In [5]:
import sklearn
import pandas as pd
import numpy as np

# load the data in pandas's dataframe
train_data = pd.read_csv('train_s3TEQDk.csv')
train_data.head()

# we can remove the ID column from dataframe 
# axis 0: corresponds to rows
# axis 1: corresponds to columns
train_data.drop('ID', axis = 1, inplace=True)

# segrigating the columns into category and numerical type based on value
category_cols = [col for col in train_data.columns if train_data[col].dtype == 'object']
numerical_cols = [col for col in train_data.columns if train_data[col].dtype != 'object']

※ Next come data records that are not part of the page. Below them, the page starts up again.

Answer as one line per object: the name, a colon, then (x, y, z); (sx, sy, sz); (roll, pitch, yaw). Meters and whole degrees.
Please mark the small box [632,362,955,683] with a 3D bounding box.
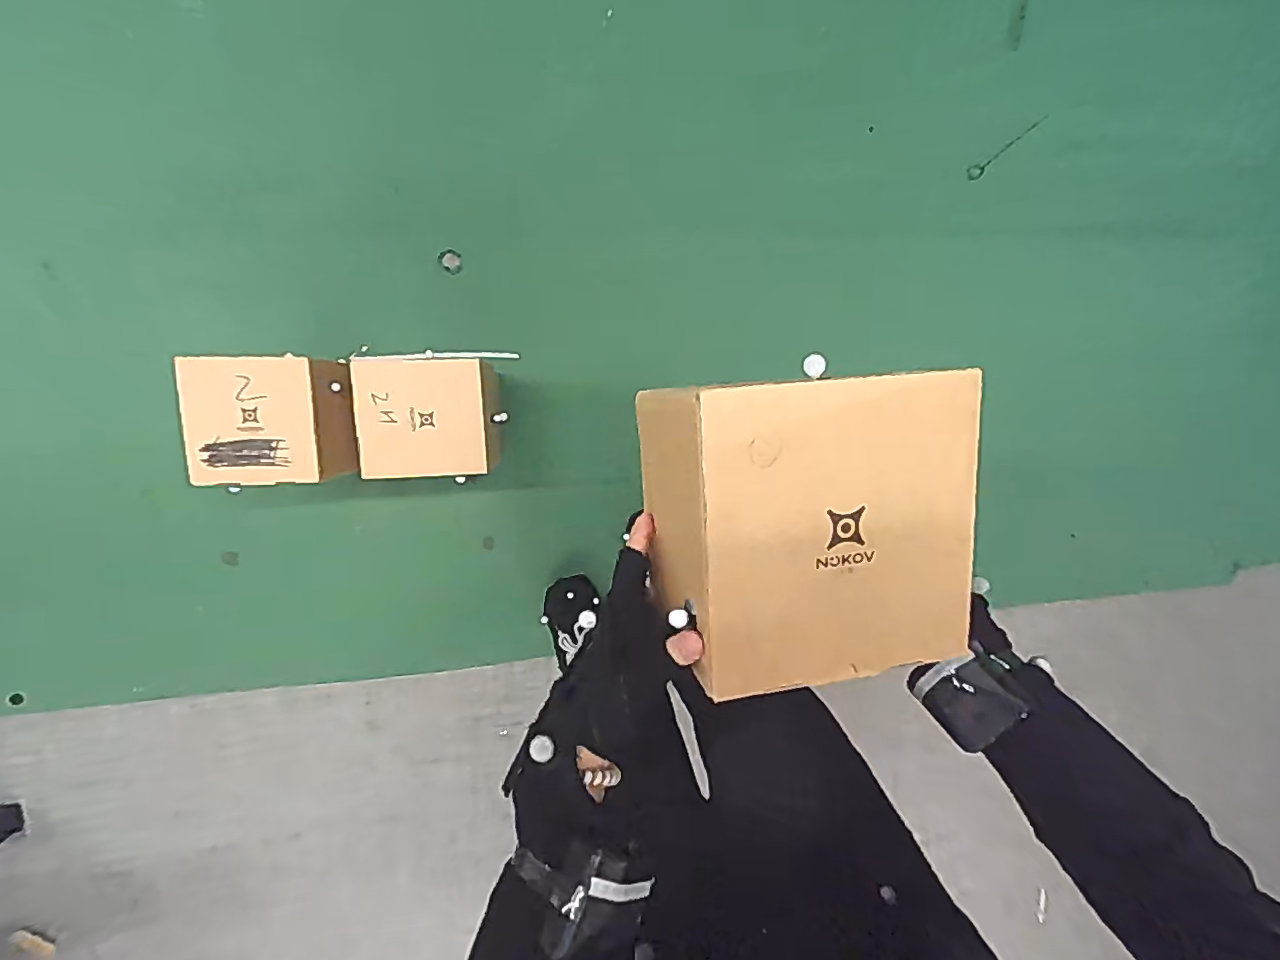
small box: (0.092, 0.012, 0.390); (0.168, 0.176, 0.179); (-7, 102, -10)
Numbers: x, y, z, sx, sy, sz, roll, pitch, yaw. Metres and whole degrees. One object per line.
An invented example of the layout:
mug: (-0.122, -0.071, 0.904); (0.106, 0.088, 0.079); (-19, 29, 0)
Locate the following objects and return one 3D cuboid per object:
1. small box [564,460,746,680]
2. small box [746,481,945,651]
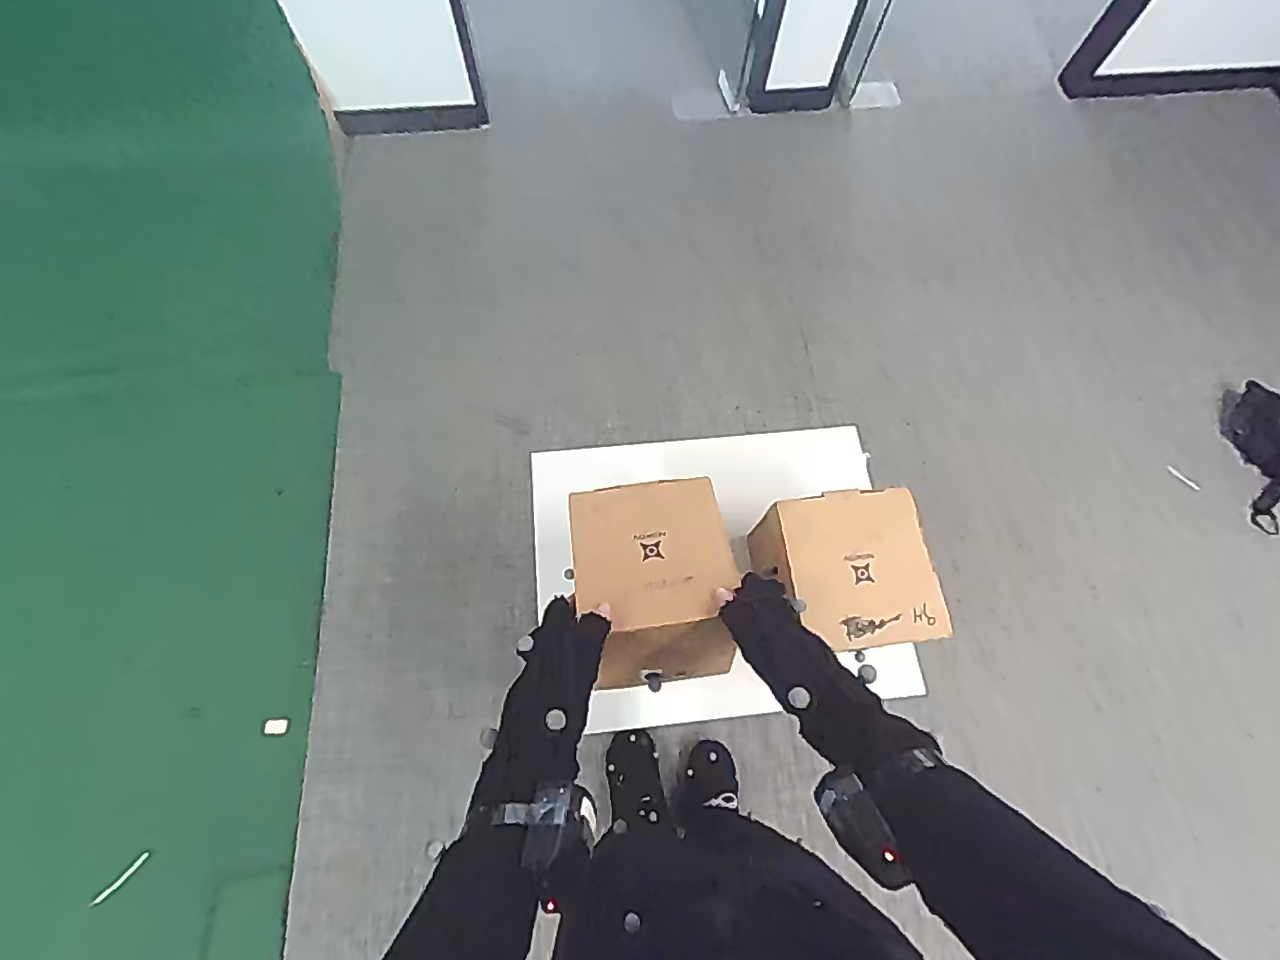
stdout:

# Removing null values from the dataset

train_data = train_data.dropna()

# remove the field we are doing predictive analysis
numerical_cols.remove('Is_Lead')

# Applying one-hot encoding to categorical values

category_cols_new = [col for col in category_cols if col!='Region_Code']
category_cols_new

train_data_encoded = pd.get_dummies(train_data[category_cols_new], drop_first=True)
train_data_encoded.head()

# Adding the encoded values with numerical values
train_data_encoded = pd.concat([train_data_encoded, train_data[numerical_cols]], axis = 1)
train_data_encoded.head()

# Encodeing the region code using label encoder

from sklearn.preprocessing import LabelEncoder

encoder = LabelEncoder()
train_data_encoded['Region_Code'] = encoder.fit_transform(train_data['Region_Code'])
train_data_encoded.head()

# Since the data is skewed we perform log transform

train_data_encoded['Avg_Account_Balance'] = np.log(train_data_encoded['Avg_Account_Balance'])
train_data_encoded['Vintage'] = np.log(train_data_encoded['Vintage'])

# We standardise the data using Standard scaler

numerical_cols_new = numerical_cols.append('Region_Code')
category_cols_new = category_cols.remove('Region_Code')

from sklearn.preprocessing import StandardScaler
std_slr = StandardScaler()

train_data_encoded[numerical_cols] = std_slr.fit_transform(train_data_encoded[numerical_cols])
train_data_encoded.head()

Unnamed: 0,Gender_Male,Occupation_Other,Occupation_Salaried,Occupation_Self_Employed,Channel_Code_X2,Channel_Code_X3,Channel_Code_X4,Credit_Product_Yes,Is_Active_Yes,Age,Vintage,Avg_Account_Balance,Region_Code
0,False,True,False,False,False,True,False,False,False,2.033046,0.303653,0.225681,-0.153503
1,False,False,True,False,False,False,False,False,False,-0.86239,-0.124194,-0.718039,0.67412
2,False,False,False,True,False,True,False,False,True,0.888339,-0.424866,0.789784,-0.153503
3,True,False,True,False,False,False,False,False,False,-0.593047,-0.879057,-1.06067,0.030413
4,False,False,True,False,False,False,False,False,False,-0.86239,-0.079635,-0.039779,1.13391


In [7]:
# spliting the data set to training and testing data for the model into 80:20 ratio

from sklearn.model_selection import train_test_split as tts

X = train_data_encoded
y = train_data['Is_Lead']

X_train, X_test, y_train, y_test = tts(X, y, test_size = 0.2, stratify = y)